Uma das questões que mais interessaram às autoridades chinesas foi com relação à propriedade sobre terras distribuídas nos novos assentamentos. O governador Roriz lembrou da criação do programa PRÓ-DF, através do qual a venda das terras é subsidiada mediante a aplicação de incentivos econômicos e isenções fiscais. Na China, a terra é doada, mas pertence de qualquer maneira ao Estado. As autoridades queriam saber se, no caso brasileiro, a propriedade é vendida ou arrendada. Roriz explicou-lhes que a terra é vendida, mas que é o governo quem organiza esse mercado imobiliário. O governador também ressaltou a importância de serem criados mecanismos econômicos de sustentação desses assentamentos. “O PRÓ-DF inclui igualmente a aplicação de incentivos à indústria e a solidificação do comércio do DF”, afirmou ele. Segundo Roriz, o programa atraiu 3.600 novas empresas para a região, gerando mais de 60 mil empregos diretos num prazo de três anos. Isso, de acordo com o governador, contribuiu para diminuir dramaticamente o contingente de cerca de 200 mil pessoas desempregadas no Distrito Federal, o que era considerado um dos maiores índices de desemprego do País.

O governador ressaltou aos chineses que Brasília, a pedido do presidente Juscelino Kubitschek aos arquitetos Lúcio Costa e Oscar Niemeyer, foi pensada e planejada para abrigar o centro administrativo do País, com o objetivo de levar o desenvolvimento sócio-econômico para a região central do Brasil. “Todavia, a cidade acabou se transformando num pólo de atração para todos os brasileiros, o que gerou inúmeras dificuldades, como o alto índice de desemprego e a falta de moradia para a população de baixa renda”, explicou o governador, acrescentando que isso provocou a criação de 64 favelas em 28 anos, com cerca de 600 mil pessoas vivendo em condições precárias e desumanas, ao mesmo tempo que a ocupação desordenada do solo aumentava rapidamente. “Foi necessário então que realizássemos uma grande reforma urbana, a fim de promover a ocupação ordenada do território.

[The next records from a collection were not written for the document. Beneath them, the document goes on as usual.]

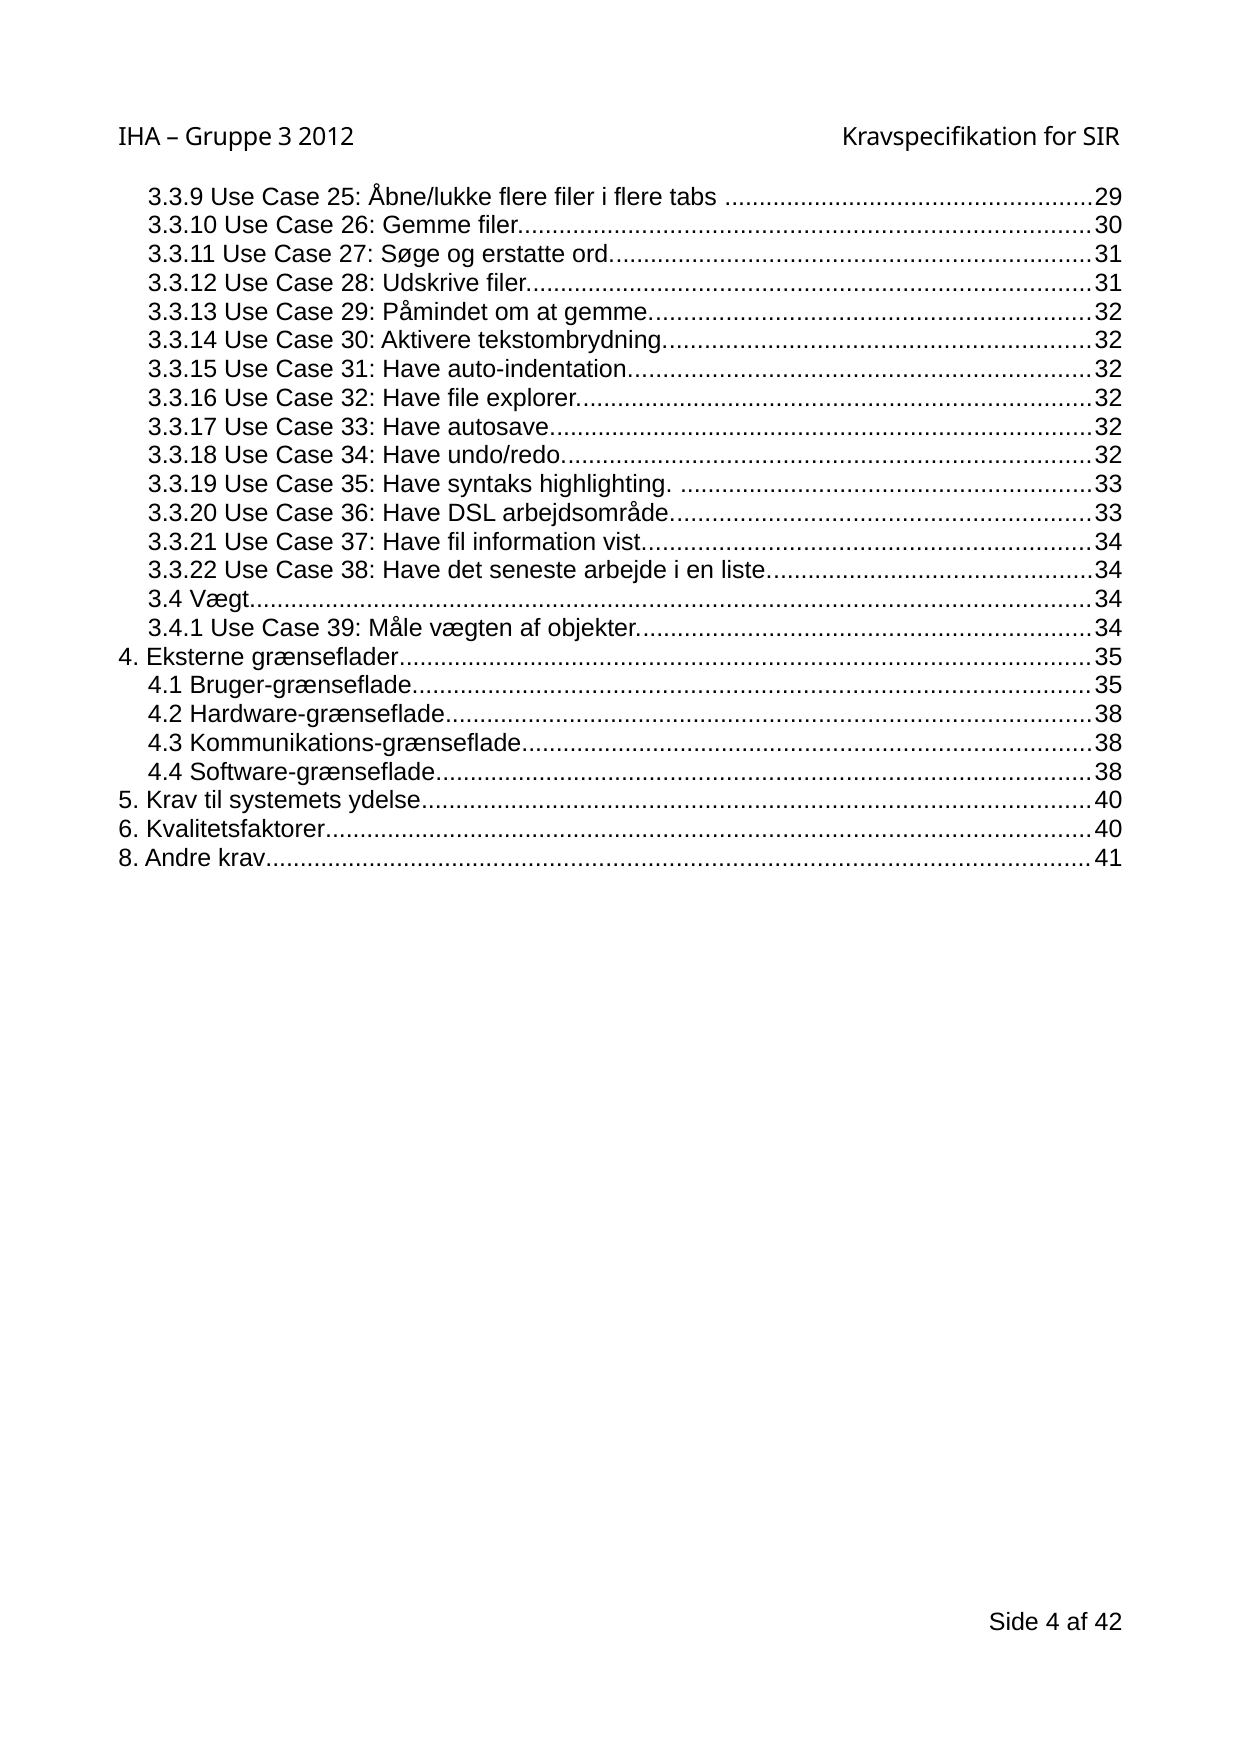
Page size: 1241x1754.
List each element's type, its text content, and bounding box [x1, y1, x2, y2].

text 4.2 Hardware-grænseflade 38 [148, 699, 1122, 728]
text 3.3.21 Use Case 37: Have fil information vist. 34 [148, 527, 1122, 555]
text 3.3.14 Use Case 30: Aktivere tekstombrydning. 32 [148, 325, 1122, 354]
text 3.3.12 Use Case 28: Udskrive filer. 31 [148, 268, 1122, 297]
text 4. Eksterne grænseflader 35 [118, 642, 1122, 670]
text 6. Kvalitetsfaktorer 40 [118, 814, 1122, 843]
text 3.3.15 Use Case 31: Have auto-indentation. 32 [148, 354, 1122, 383]
text 3.3.13 Use Case 29: Påmindet om at gemme. 32 [148, 297, 1122, 325]
text 4.4 Software-grænseflade 38 [148, 757, 1122, 785]
text 5. Krav til systemets ydelse 40 [118, 785, 1122, 814]
text 3.3.20 Use Case 36: Have DSL arbejdsområde. 33 [148, 498, 1122, 527]
text 3.3.22 Use Case 38: Have det seneste arbejde i en liste. 34 [148, 555, 1122, 584]
text 4.3 Kommunikations-grænseflade 38 [148, 728, 1122, 757]
text 4.1 Bruger-grænseflade 35 [148, 670, 1122, 699]
text 8. Andre krav 41 [118, 843, 1122, 872]
text 3.3.11 Use Case 27: Søge og erstatte ord. 31 [148, 239, 1122, 268]
text 3.3.10 Use Case 26: Gemme filer. 30 [148, 210, 1122, 239]
text 3.3.19 Use Case 35: Have syntaks highlighting. 33 [148, 469, 1122, 498]
text 3.4.1 Use Case 39: Måle vægten af objekter. 34 [148, 613, 1122, 642]
text 3.3.16 Use Case 32: Have file explorer. 32 [148, 383, 1122, 412]
text 3.3.18 Use Case 34: Have undo/redo. 32 [148, 440, 1122, 469]
text 3.4 Vægt 34 [148, 584, 1122, 613]
text 3.3.17 Use Case 33: Have autosave. 32 [148, 412, 1122, 440]
text 3.3.9 Use Case 25: Åbne/lukke flere filer i flere tabs 29 [148, 182, 1122, 210]
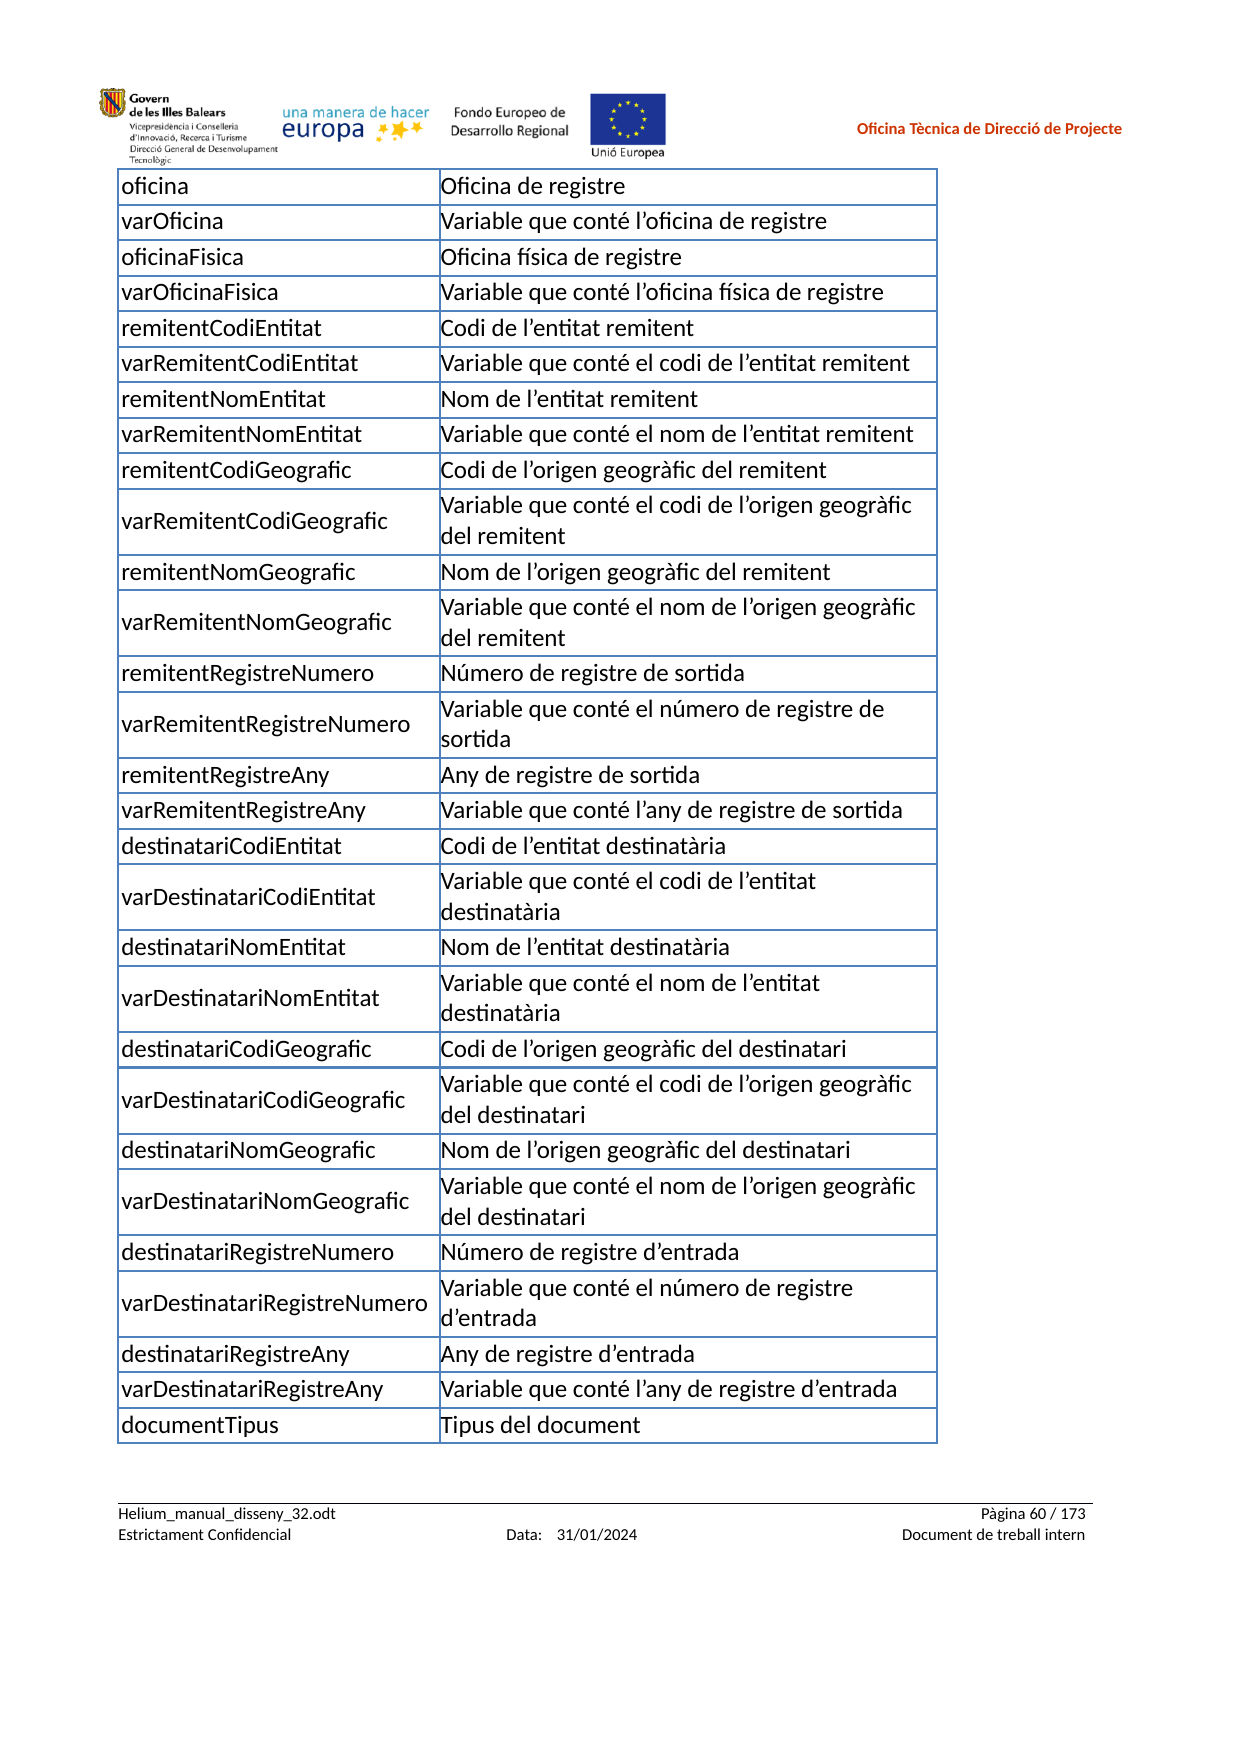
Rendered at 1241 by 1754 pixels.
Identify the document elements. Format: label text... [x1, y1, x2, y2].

table_cell Any de registre d’entrada [441, 1338, 936, 1371]
table_cell Variable que conté el codi de l’entitat destinatària [441, 865, 936, 929]
table_cell Variable que conté el nom de l’origen geogràfic del destinatari [441, 1170, 936, 1234]
table_cell varRemitentNomEntitat [119, 419, 439, 452]
table_cell Variable que conté el nom de l’origen geogràfic del remitent [441, 591, 936, 655]
table_cell oficina [119, 170, 439, 203]
table_cell oficinaFisica [119, 241, 439, 274]
table_cell Variable que conté el codi de l’entitat remitent [441, 348, 936, 381]
table_cell Oficina física de registre [441, 241, 936, 274]
table_cell destinatariNomEntitat [119, 931, 439, 965]
table_cell destinatariCodiGeografic [119, 1033, 439, 1066]
table_cell varRemitentNomGeografic [119, 591, 439, 655]
table_cell varDestinatariNomGeografic [119, 1170, 439, 1234]
table_cell varRemitentCodiGeografic [119, 490, 439, 554]
table_cell varOficina [119, 206, 439, 239]
table_cell varRemitentRegistreAny [119, 794, 439, 828]
table_cell destinatariRegistreNumero [119, 1236, 439, 1269]
table_cell Variable que conté el número de registre de sortida [441, 693, 936, 757]
table_cell varDestinatariCodiEntitat [119, 865, 439, 929]
picture [99, 87, 668, 166]
table_cell remitentCodiEntitat [119, 312, 439, 346]
table_cell destinatariRegistreAny [119, 1338, 439, 1371]
table_cell Codi de l’origen geogràfic del destinatari [441, 1033, 936, 1066]
table_cell Codi de l’entitat destinatària [441, 830, 936, 863]
table_cell Codi de l’origen geogràfic del remitent [441, 454, 936, 488]
table_cell varDestinatariRegistreNumero [119, 1272, 439, 1336]
table_cell Variable que conté l’any de registre d’entrada [441, 1373, 936, 1407]
table_cell Nom de l’entitat destinatària [441, 931, 936, 965]
table_cell Variable que conté l’oficina de registre [441, 206, 936, 239]
table_cell remitentNomEntitat [119, 383, 439, 417]
table_cell varDestinatariCodiGeografic [119, 1069, 439, 1132]
table_cell destinatariCodiEntitat [119, 830, 439, 863]
table_cell varRemitentRegistreNumero [119, 693, 439, 757]
table_cell Variable que conté el nom de l’entitat destinatària [441, 967, 936, 1031]
table_cell varDestinatariNomEntitat [119, 967, 439, 1031]
table_cell Número de registre de sortida [441, 657, 936, 691]
table_cell remitentNomGeografic [119, 556, 439, 589]
table_cell Número de registre d’entrada [441, 1236, 936, 1269]
table_cell Oficina de registre [441, 170, 936, 203]
table_cell varDestinatariRegistreAny [119, 1373, 439, 1407]
table_cell Variable que conté l’any de registre de sortida [441, 794, 936, 828]
table_cell remitentRegistreAny [119, 759, 439, 792]
table_cell Codi de l’entitat remitent [441, 312, 936, 346]
table_cell Tipus del document [441, 1409, 936, 1442]
table_cell Nom de l’entitat remitent [441, 383, 936, 417]
table_cell Variable que conté el codi de l’origen geogràfic del destinatari [441, 1069, 936, 1132]
table_cell Nom de l’origen geogràfic del remitent [441, 556, 936, 589]
table_cell remitentCodiGeografic [119, 454, 439, 488]
table_cell Variable que conté el nom de l’entitat remitent [441, 419, 936, 452]
table_cell Nom de l’origen geogràfic del destinatari [441, 1135, 936, 1168]
table_cell varRemitentCodiEntitat [119, 348, 439, 381]
table_cell Variable que conté el número de registre d’entrada [441, 1272, 936, 1336]
table_cell Any de registre de sortida [441, 759, 936, 792]
table_cell Variable que conté el codi de l’origen geogràfic del remitent [441, 490, 936, 554]
table_cell destinatariNomGeografic [119, 1135, 439, 1168]
table_cell remitentRegistreNumero [119, 657, 439, 691]
table_cell documentTipus [119, 1409, 439, 1442]
table_cell Variable que conté l’oficina física de registre [441, 277, 936, 310]
table_cell varOficinaFisica [119, 277, 439, 310]
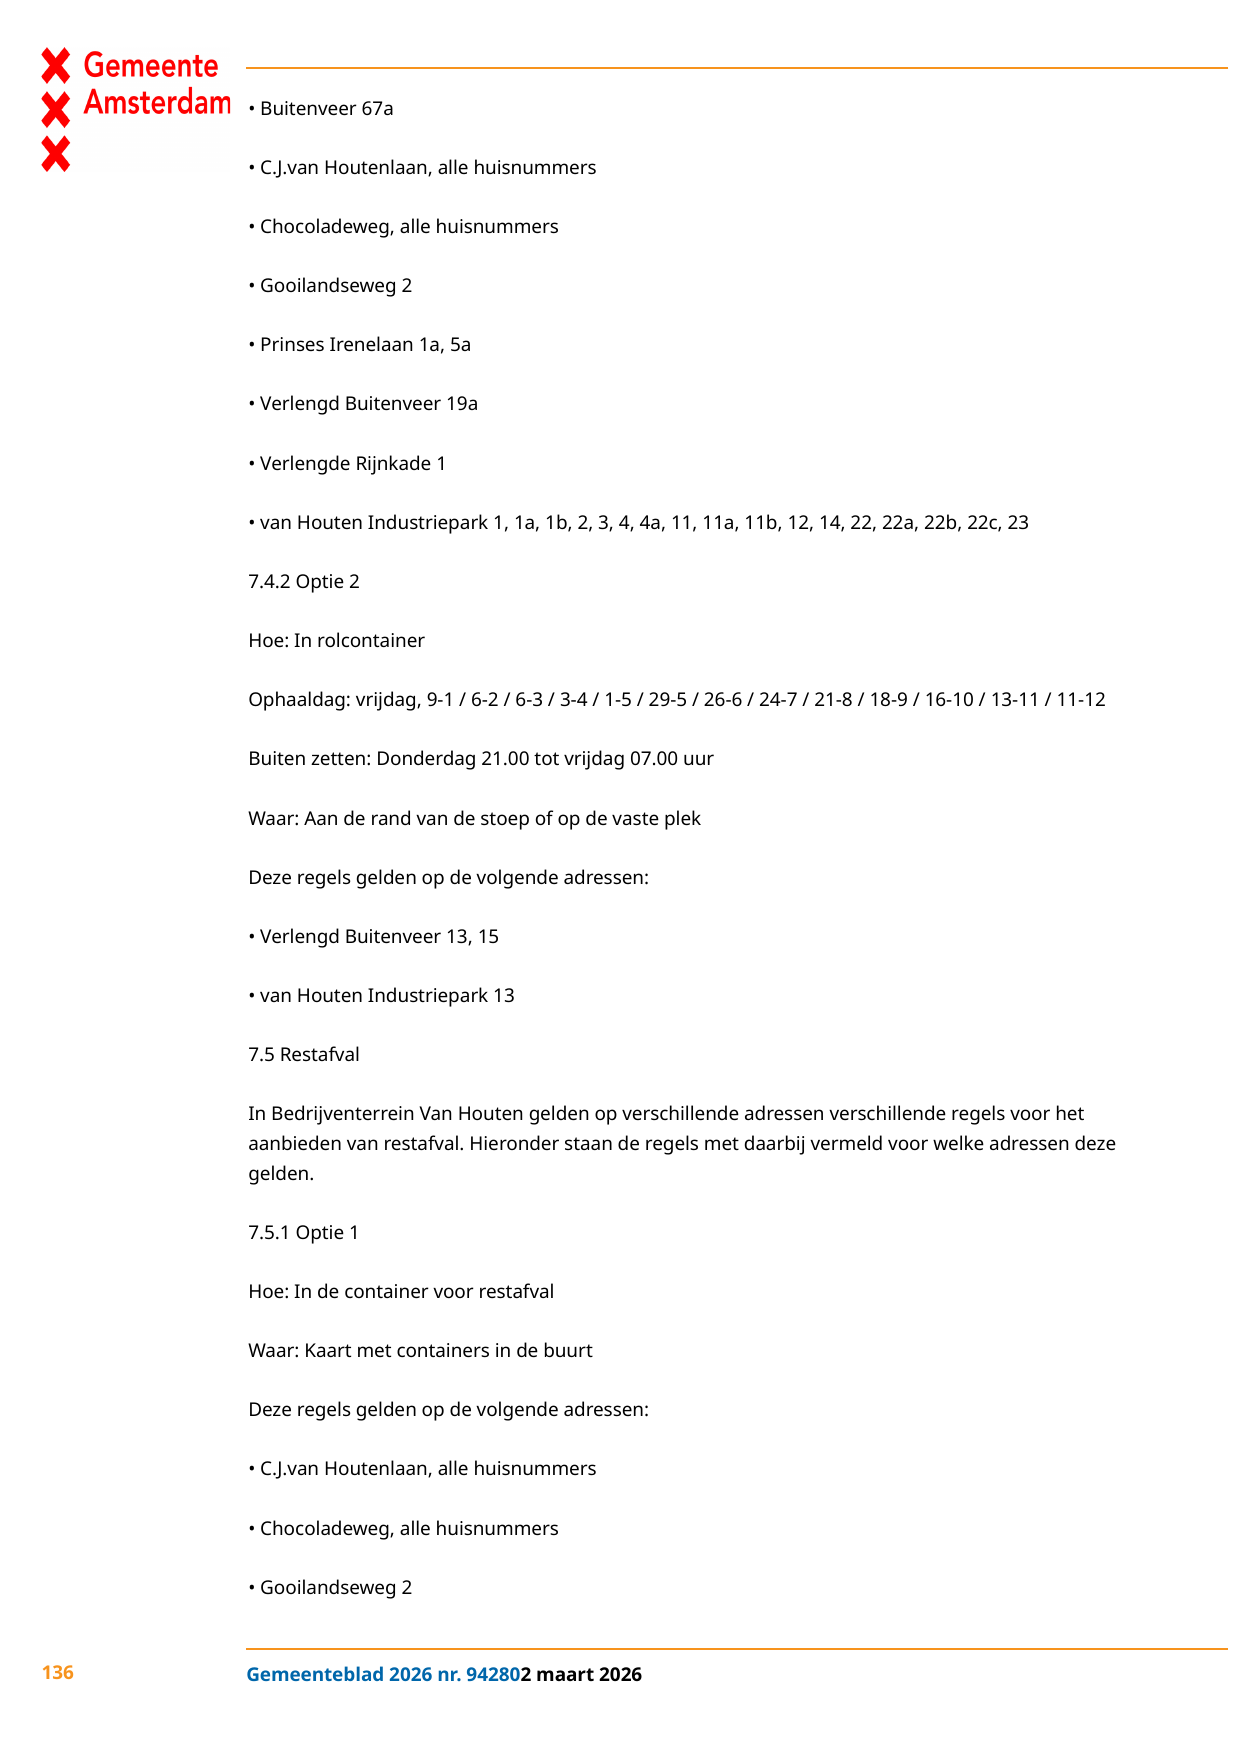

O objetivo não era só o de assentar pessoas, mas garantir-lhes acesso à moradia e ao trabalho”, disse Roriz.

Negócios – Como resultado da visita do governador foram acertados, de modo geral, pontos de negociação importantes para o DF e para o País. Serão enviados ao Brasil especialistas no cultivo do bambu, que tem largo emprego na construção chinesa; a China tem interesse de investir na formação de um pólo fármaco-químico na região do Distrito Federal; será criado um grupo misto de acompanhamento e avaliação da parceria e intercâmbio comercial entre DF e China; a potência oriental também tem grande interesse na tecnologia brasileira de casas pré-fabricadas. Está em negociação a participação do empresariado brasiliense da construção civil nos futuros grandes projetos chineses na construção, como metrô, rodovias, prédios, casas populares. Para isso, ficou acertada a criação de um centro empresarial de Brasília em Pequim, com o objetivo de facilitar as relações comerciais entre a China e o governo do Distrito Federal e também a criação de uma Câmara de Comércio e Indústria Brasília-Pequim, além da participação de Brasília na Feira Anual de Xangai.